“Maradona es mufa”, “Del Potro es un pecho frío”, “Messi es catalán”, “Reutemann es un perdedor”, “Verón es un inglés”, “Sabatini es amarga”, “Tevez es un villero”, “Nalbandian es un gordo”, “Ortega es un borracho”.
Si alguien no se atreve a confesar que alguna vez dijo alguna de estas barbaridades, seguro puede confirmar que más de una vez las escuchó. El gen argentino, lamentablemente, parece fabricado para boicotear lo bueno.
Un pueblo que no se anima a plantarle cara a ninguno de los políticos que viven para jodernos la existencia es capaz de destruir a un tipo que se rompe el lomo laburando (sí, los entrenamientos de un deportista de elite son un flor de laburo, aunque no sea comparable con “levantar bolsas en el puerto”). Está todo bien con que los políticos se den la gran vida a costa del dinero, el esfuerzo y el tiempo del pueblo, pero está todo mal con los deportistas que compiten contra los mejores del planeta y un día les toca perder.

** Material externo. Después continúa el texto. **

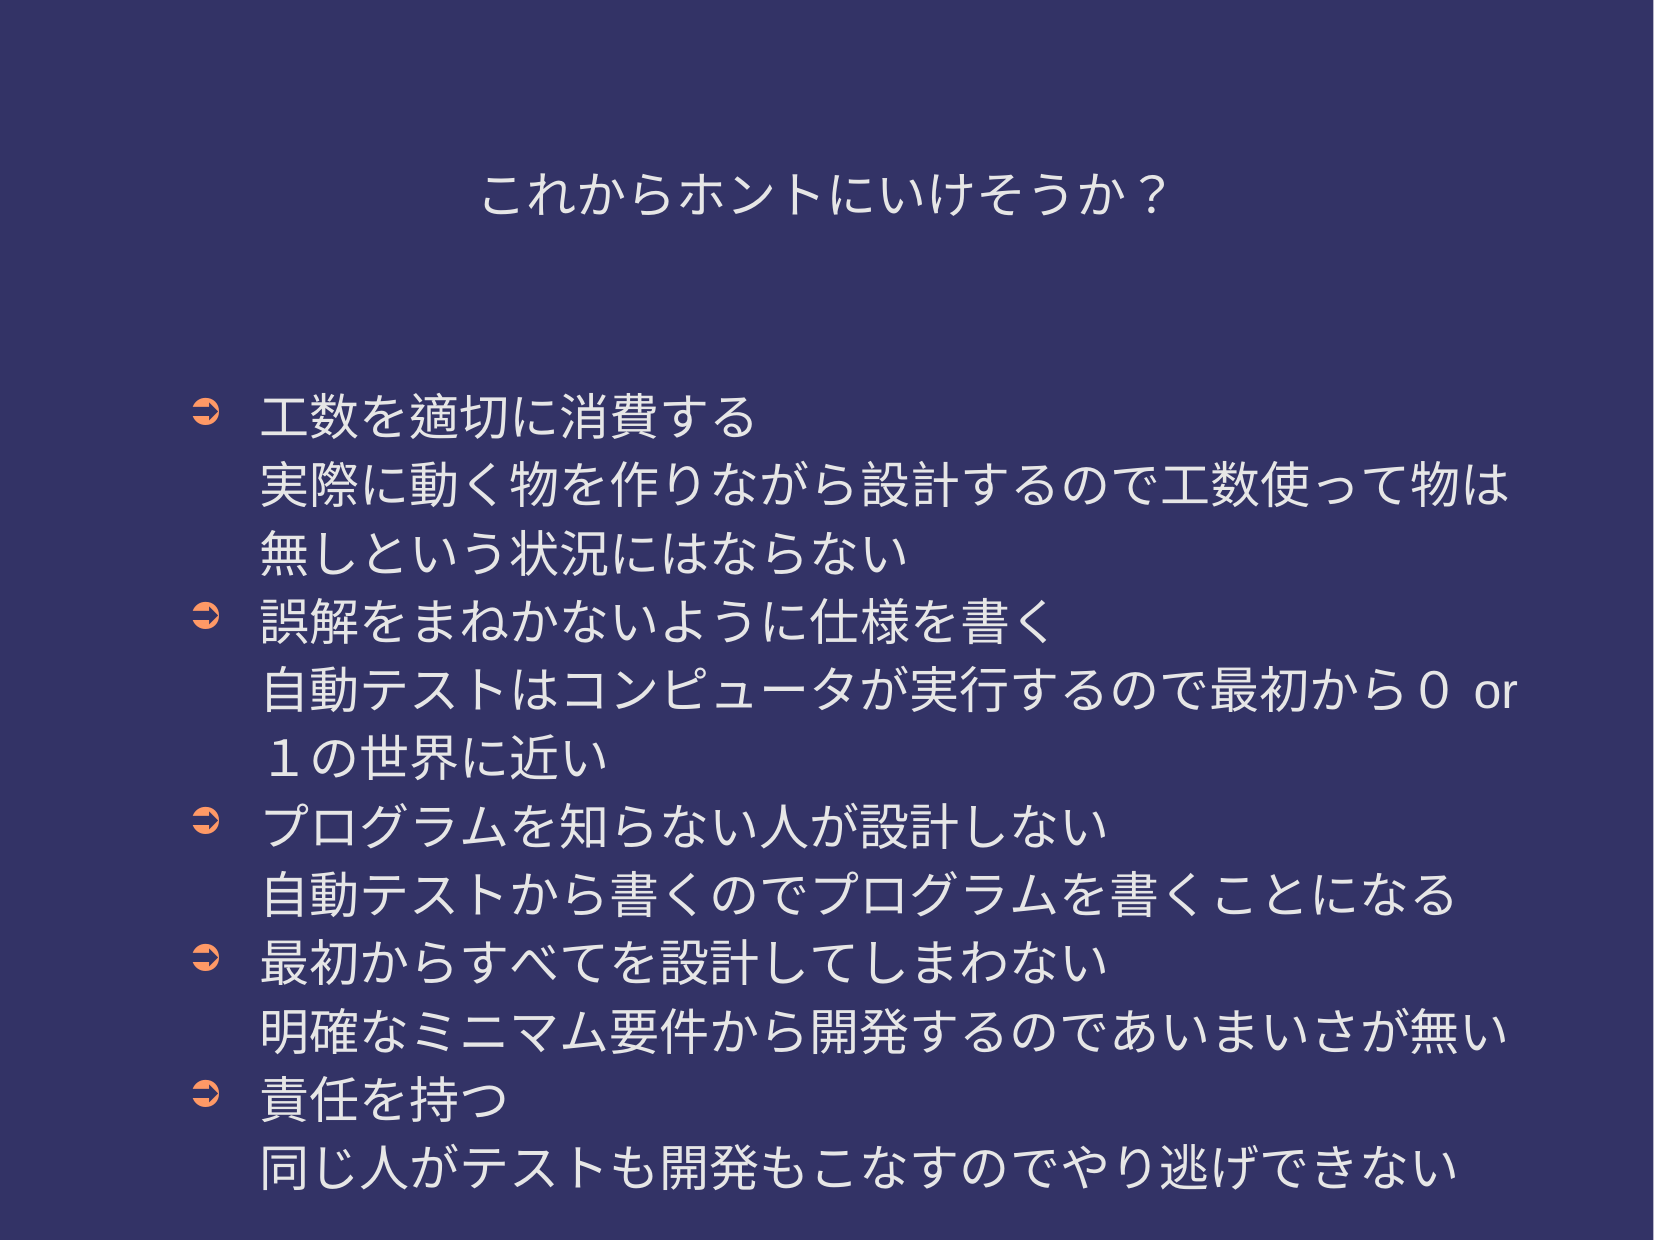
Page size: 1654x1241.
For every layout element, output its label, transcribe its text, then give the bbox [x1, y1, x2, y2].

list 工数を適切に消費する 実際に動く物を作りながら設計するので工数使って物は 無しという状況にはならない 誤解をまねかないように仕様を書く 自動テストはコンピュータが実行するので最初から０or１の世界に近い プログラムを知らない人が設計しない 自動テストから書くのでプログラムを書くことになる 最初からすべてを設計してしまわない 明確なミニマム要件から開発するのであいまいさが無い 責任を持つ 同じ人がテストも開発もこなすのでやり逃げできない [177, 382, 1568, 1198]
title これからホントにいけそうか？ [118, 90, 1536, 298]

Acaba de terminar el partido de Del Potro y da igual lo que pueda pasar con Delbonis. Es mejor ganar la Copa Davis que no ganarla. Obvio. Hubiera sido mejor que Del Potro le ganara a Murray la final de los Juegos Olímpicos también. Obvio. Pero en una competencia se gana y se pierde. Y cuando no se puede ganar, la forma de perder también puede ser una satisfacción.
O podría serlo. O debería serlo. Pero no lo es. Porque en Argentina somos todos ganadores. Porque todos somos los mejores en lo que hacemos. Porque todos tomamos siempre las mejores decisiones. Porque jamás en la vida sentimos un miedito en el estómago que nos hace arrugar ante determinada situación. No. Somos todos perfectos. Y como somos todos perfectos nos damos el lujo de despreciar a deportistas (o a músicos, o a pintores, o a científicos, o a cineastas, etcétera) que nos dan mucho placer y nos ayudan a que la vida sea un poco más agradable.
Un día, un minuto o un segundo el Señor o la Señora que maneja el mundo (bastante mal, por cierto) debería ponernos en esos lugares; en una cancha de fútbol, en un court de tenis, en una pista, en una pileta o hasta en un banco de suplentes a dirigir a un equipo. Ese día, ese minuto o ese segundo tal vez nos permita darnos cuenta de que somos unos charlatanes, de que somos expertos en criticar al que se banca competir con millones de ojos presionando y millones de bocas listas para soltar cualquier disparate. Un día, sólo un día, estaría genial que se invirtieran los papeles. Para que los artistas se divirtieran viendo como los charlatanes se hacen pis encima.